[Opening Exercise materials section]

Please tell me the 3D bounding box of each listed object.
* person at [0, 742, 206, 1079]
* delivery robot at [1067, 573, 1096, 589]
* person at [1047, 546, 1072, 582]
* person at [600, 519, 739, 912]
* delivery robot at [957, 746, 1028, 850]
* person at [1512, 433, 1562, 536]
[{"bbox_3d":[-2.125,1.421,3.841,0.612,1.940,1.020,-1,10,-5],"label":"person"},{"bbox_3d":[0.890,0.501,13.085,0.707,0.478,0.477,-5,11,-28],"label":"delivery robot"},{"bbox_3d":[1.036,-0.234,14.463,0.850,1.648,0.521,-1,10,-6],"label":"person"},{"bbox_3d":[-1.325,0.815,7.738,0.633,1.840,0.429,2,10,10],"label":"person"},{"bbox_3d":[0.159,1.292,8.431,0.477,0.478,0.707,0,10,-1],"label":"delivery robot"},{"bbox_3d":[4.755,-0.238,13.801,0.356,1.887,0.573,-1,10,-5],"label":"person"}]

[Closing Exercise materials section]

Brief. Only those lines running from the one containing "742, 206, 1079]" through the last line of the data above are to be copied, exactly, with both ends included.

Response area.
* person at [0, 742, 206, 1079]
* delivery robot at [1067, 573, 1096, 589]
* person at [1047, 546, 1072, 582]
* person at [600, 519, 739, 912]
* delivery robot at [957, 746, 1028, 850]
* person at [1512, 433, 1562, 536]
[{"bbox_3d":[-2.125,1.421,3.841,0.612,1.940,1.020,-1,10,-5],"label":"person"},{"bbox_3d":[0.890,0.501,13.085,0.707,0.478,0.477,-5,11,-28],"label":"delivery robot"},{"bbox_3d":[1.036,-0.234,14.463,0.850,1.648,0.521,-1,10,-6],"label":"person"},{"bbox_3d":[-1.325,0.815,7.738,0.633,1.840,0.429,2,10,10],"label":"person"},{"bbox_3d":[0.159,1.292,8.431,0.477,0.478,0.707,0,10,-1],"label":"delivery robot"},{"bbox_3d":[4.755,-0.238,13.801,0.356,1.887,0.573,-1,10,-5],"label":"person"}]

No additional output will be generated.